La Sportiva's North American distribution operations have become part of La Sportiva Italys unified global distribution consortium. La Sportiva S.p.A. – the Italian parent company and manufacturer of the LaSportiva brand – and La Sportiva N.A., Inc. – the North American distribution company founded by Collin Lantz – merged together into one unified company.
BOSS sat down with Mr. Lantz shortly after the deal was announced and he
explained that LaSportiva N.A. allowed a pair of investors to cash out the
majority of their shares and then sold those share to the Italian parent
company. LaSportiva S.p.A. now holds an equity position in the North
American distributor. Lantz said that they did this because they have been
seeing the Global distribution model changing and there is no longer
enough room in footwear margins for a distributor and a manufacturer to
take a cut of the profits.
LaSportiva Italy has been slowly converting many of its distributors to a
similar model in Europe. Since the establishment of the EU, the manufacturer
distributor model became antiquated and LaSportiva began turning
its independent distributors into subsidiaries.
Lantz and his team saw this same pattern beginning in the U.S. as Chinese
manufactured footwear started driving ASPs down and consumers expected
lower prices across the board. “This process really started five years
ago,” Lantz said. “We knew that eventually someone would start making
climbing shoes and mountain boots in China and we started trying to align
our North American company more closely with the Italian manufacturer so
we could prepare for this. When it actually happened a few years ago, we
ended up looking pretty good to the people in Montebelluna.”
LaSportiva N.A. has been acting as a licensee of the brand since 2000 and
producing their own line of “Mountain Running” footwear to compliment
Italys line of more traditional mountain boots. This running line is sourced
in the Far East and provides LaSportiva N.A. with one of their biggest profit
centers.
“When we first started with the Mountain Running line, the Italians were skeptical,”
said Lantz. “They basically said, “Go ahead, its not our money.” When
it finally started to take off here in the U.S., they decided to bring some of the
line over to Italy. Now it is in its sixth season and they are fully on-board.
They sell more over there than we do here.”
As part of this latest deal, The North American R&D team, based in Boulder,
Colo. will be more closely aligned with the global R&D team based in Montebelluna,
Italy. Now the Italian mountain boots sold in the U.S. will have input
from the N.A. designers and the mountain running shoes sold in Europe will
have input from the Italian designers.
The new LaSportiva N.A. will operate like a subsidiary on the back-end, but
will be independent in its R&D and marketing. In design, the biggest difference
from this deal will be a shift away from the current structure where the N.A.
team and Italian team create two separate product lines, to a structure where
the global company will build one product line with sub-categories to address
local markets.
This shift in design will be felt behind the scenes and come out in the end
product. However, from a retailers point of view, the biggest change will be
the new North American marketing budget.
“I envision our office turning into this gigantic marketing machine for the
LaSportiva brand,” said Lantz. “Our sales reps have told us that we have this
great technical product, and retailers are committed to LaSportiva as their
top-shelf technical brand, but they dont have the tools to really push the sellthrough.

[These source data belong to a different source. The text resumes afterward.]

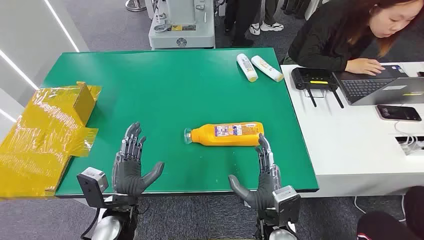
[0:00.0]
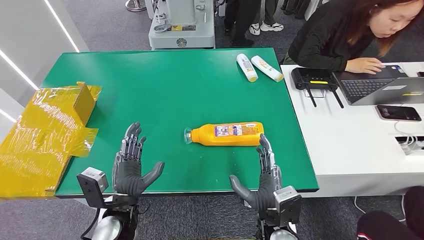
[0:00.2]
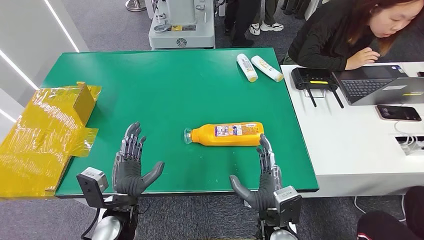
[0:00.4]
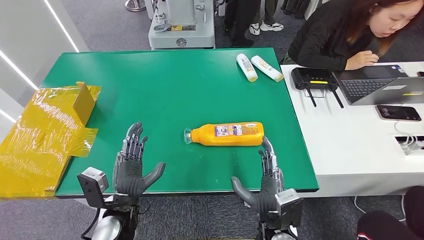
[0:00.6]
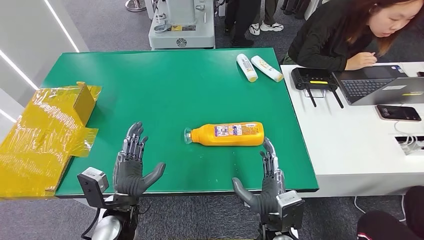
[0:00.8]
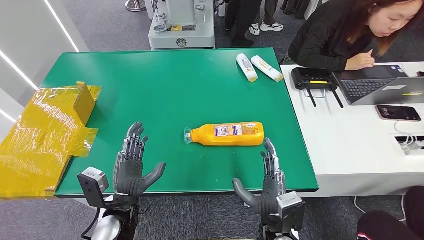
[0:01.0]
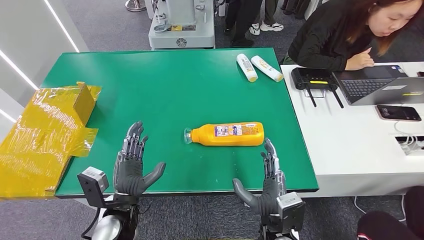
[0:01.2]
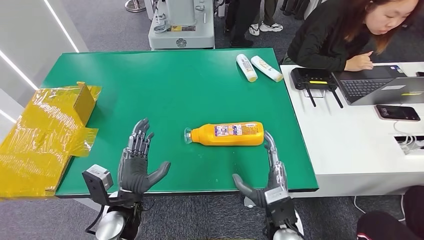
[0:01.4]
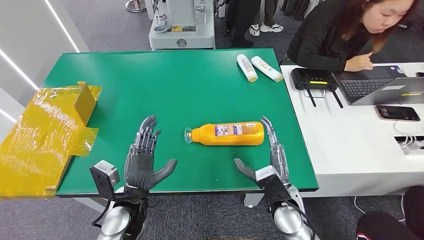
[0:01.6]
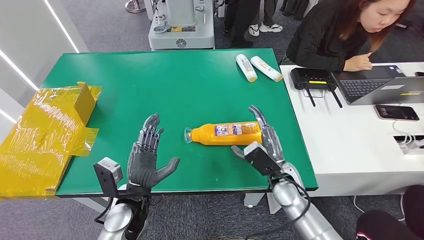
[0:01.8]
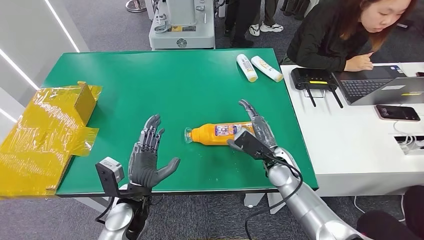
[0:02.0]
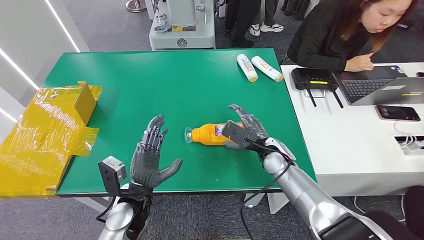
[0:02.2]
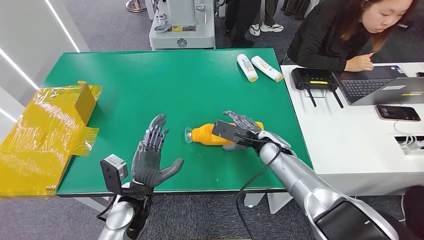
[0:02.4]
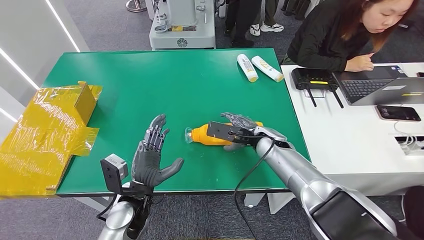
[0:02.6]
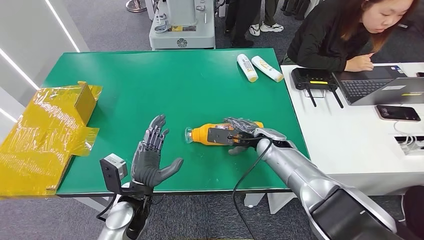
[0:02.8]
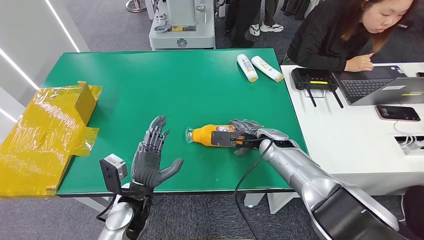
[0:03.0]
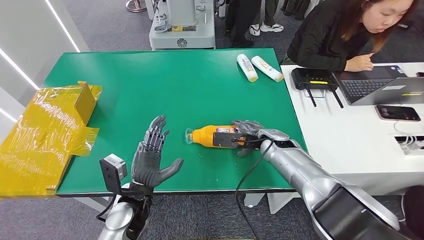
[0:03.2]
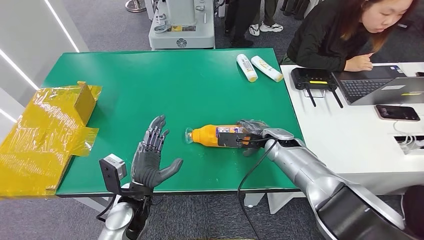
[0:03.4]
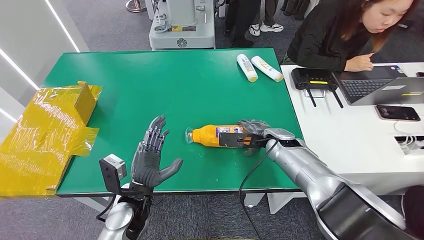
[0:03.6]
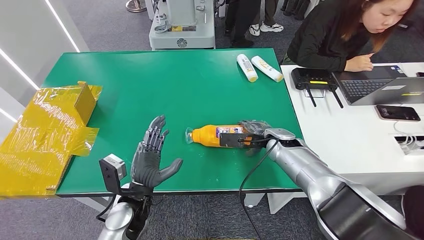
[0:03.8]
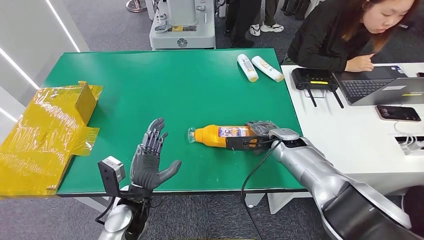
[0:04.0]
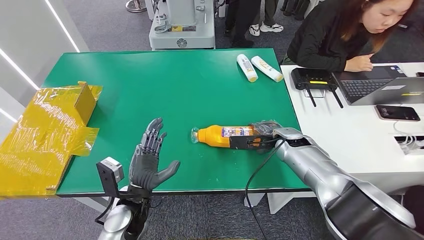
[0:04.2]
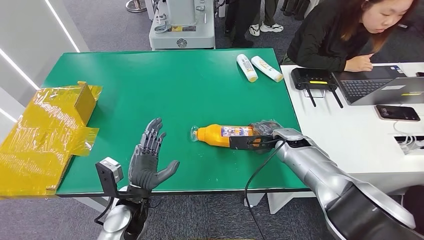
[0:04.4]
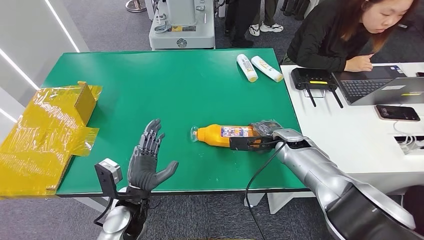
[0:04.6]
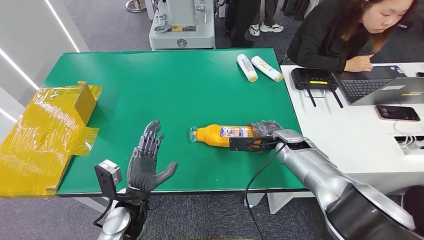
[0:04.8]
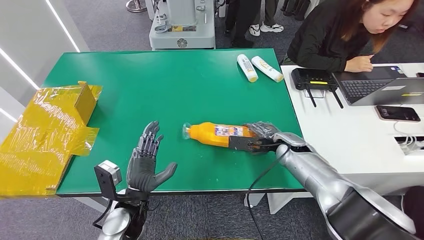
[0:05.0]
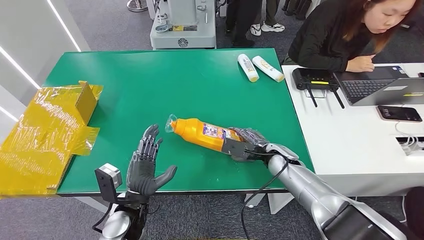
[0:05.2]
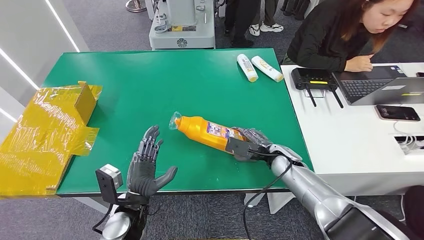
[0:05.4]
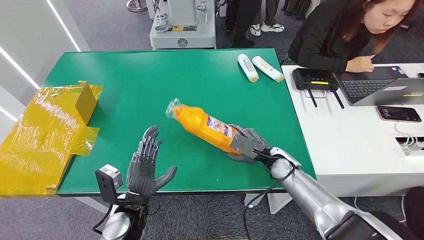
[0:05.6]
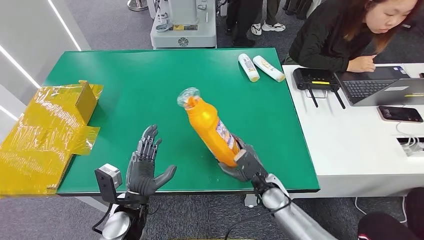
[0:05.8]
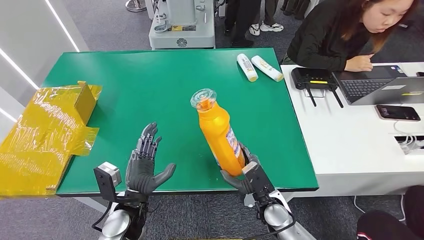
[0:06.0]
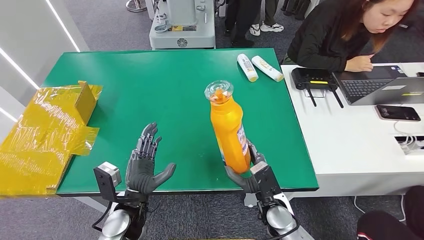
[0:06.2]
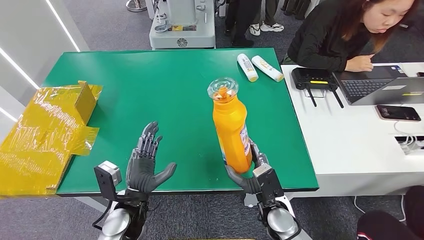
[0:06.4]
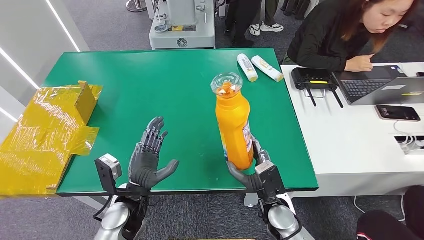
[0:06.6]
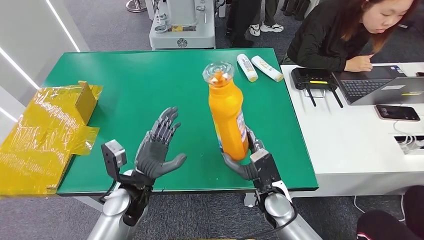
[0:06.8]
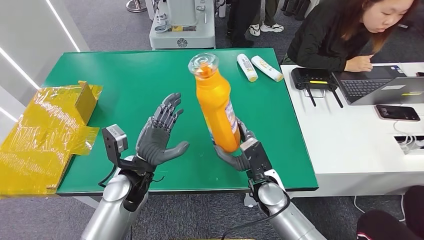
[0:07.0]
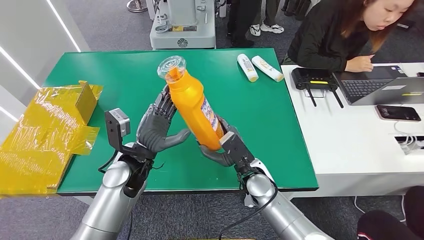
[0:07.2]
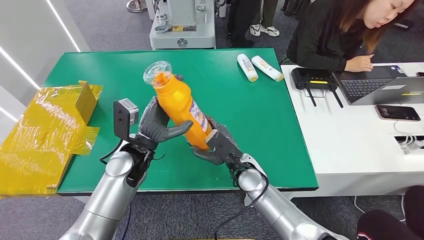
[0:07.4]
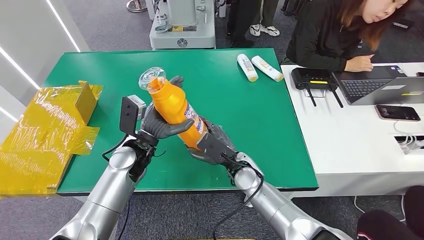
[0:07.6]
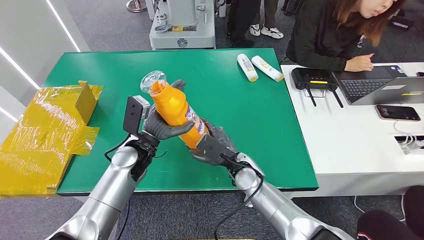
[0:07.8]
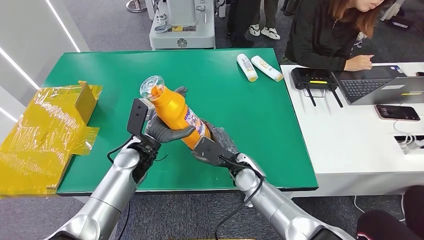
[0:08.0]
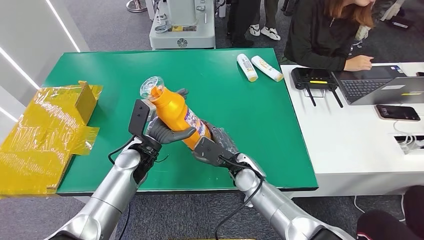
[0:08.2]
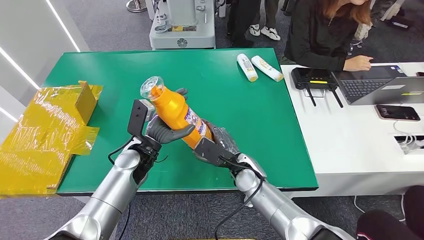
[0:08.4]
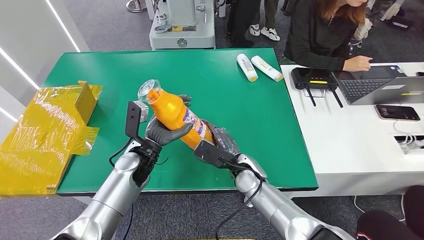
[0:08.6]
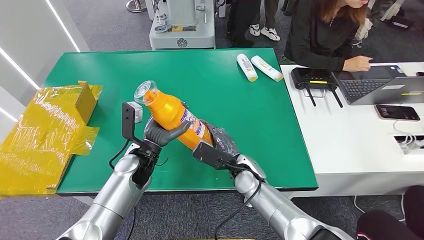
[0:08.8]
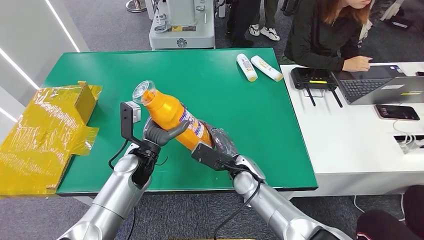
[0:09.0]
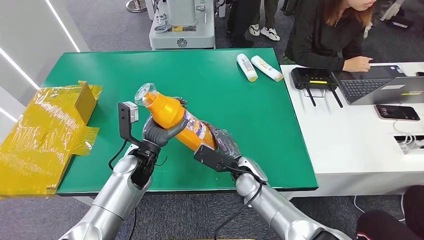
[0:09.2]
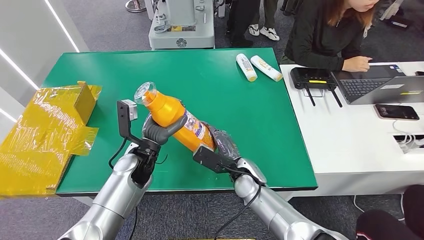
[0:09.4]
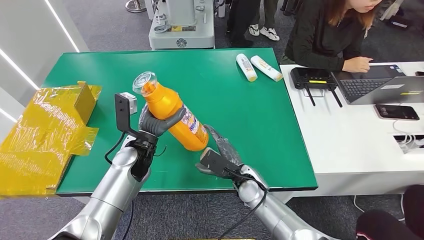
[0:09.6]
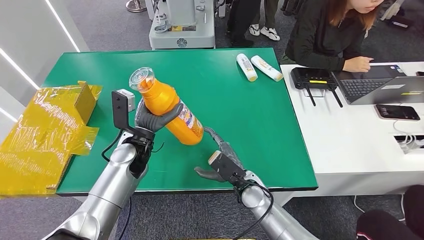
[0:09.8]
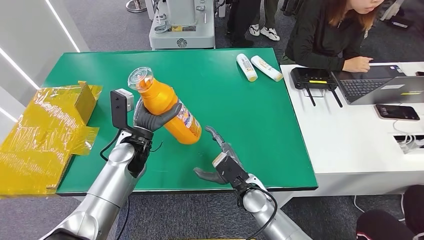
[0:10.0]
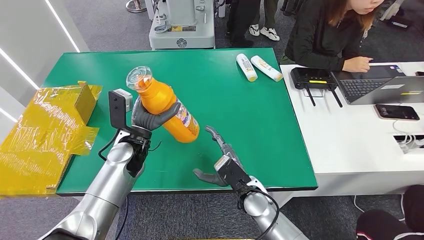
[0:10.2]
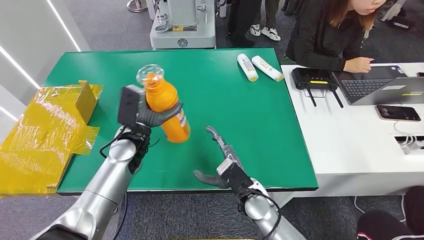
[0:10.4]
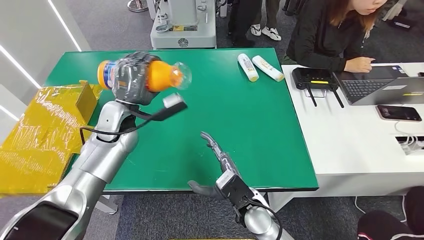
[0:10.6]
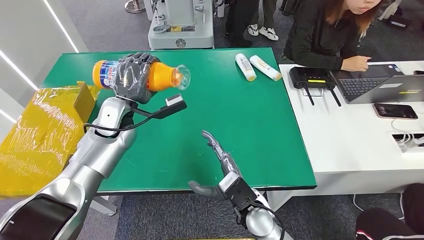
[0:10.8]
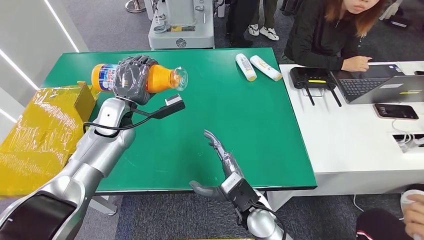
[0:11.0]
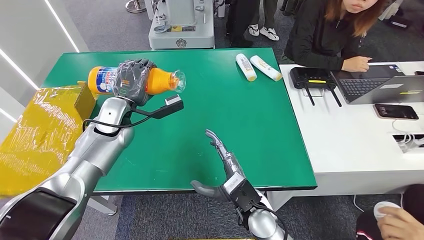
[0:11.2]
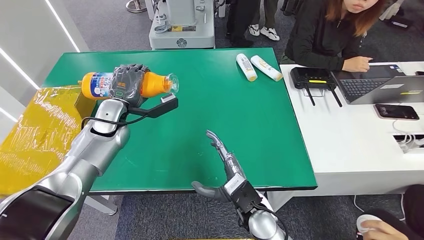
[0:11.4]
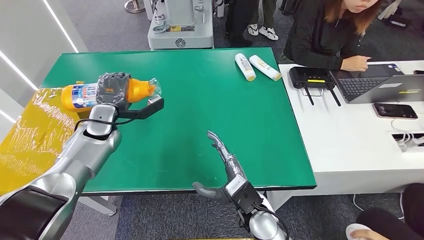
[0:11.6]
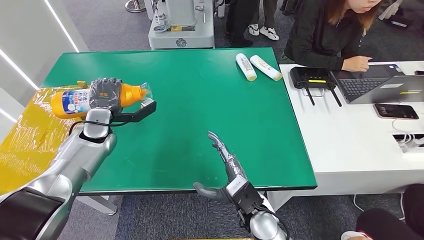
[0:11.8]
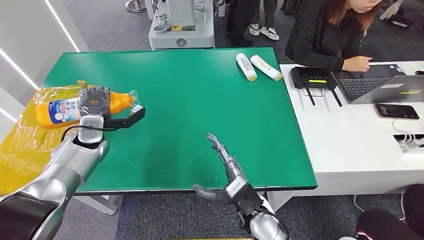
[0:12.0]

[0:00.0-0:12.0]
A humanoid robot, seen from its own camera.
Step, 0:00.0 to 0:06.6: Pick up the bottle from the table.
0:01.6 to 0:03.0: The right hand is displaced forward by some 15 cm.
0:03.0 to 0:04.4: The right hand shifts some 5 cm to the right.
0:04.4 to 0:06.0: The right hand heads backward and downward, covering about 20 cm.
0:06.0 to 0:07.6: The right hand heads to the left, forward and upward, covering about 15 cm; the left hand is displaced forward and upward by some 15 cm.
0:07.6 to 0:09.0: The hands stay close to where they were, moving slightly.
0:09.0 to 0:10.4: The left hand changes place by approximately 5 cm. Meanwhile the right hand moves backward, roughly 5 cm.

That is all going to change. Our marketing budget is four times bigger
this year.”
Also as part of the deal, LaSportiva Italy is making a considerable capital contribution
towards expansion in North America. Part of this will go to the increase
in marketing at retail, and part will go towards adding a several new
positions in the Boulder office to support the anticipated growth. Lantz said
that the company has been in an investment phase for the last four years,
with product selling-in to retailers, but he is ready to begin the growth phase.
In fact, the company reported a 30% growth in preseason sales from spring
05 to spring 06 with a considerable spike in the Mountain Running category.
The company claims a 35% overall market share in the climbing shoe market
and a 65% market share for price points over $100. LaSportiva is seeing success
in the mountaineering boot segment with a 65% market share for the
same period. Lantz is encouraged by these numbers but feels that with more
emphasis on marketing sell-through can improve considerably.
In spite of the structural changes in marketing and design, the overall mission
statement of the company has not changed. LaSportiva N.A. wants to be the
number one specialty mountain-footwear brand in its market. Lantz does not
foresee any acquisitions or major brand extensions, but the company is looking
at broadening distribution to new specialty accounts.
“The company is in a fun place right now,” Lantz said. “We know who we are
and have a strict focus on the mountain lifestyle. Were all climbers and trailrunners.
Were big enough now and have the marketing to fully support our
retailers, but were still small enough to design some really cool product. The
kind of product where we may only sell 3,000 pairs, but hey, thats who we
are so we do it anyway. Its kind of like being able to make a Ferrari.”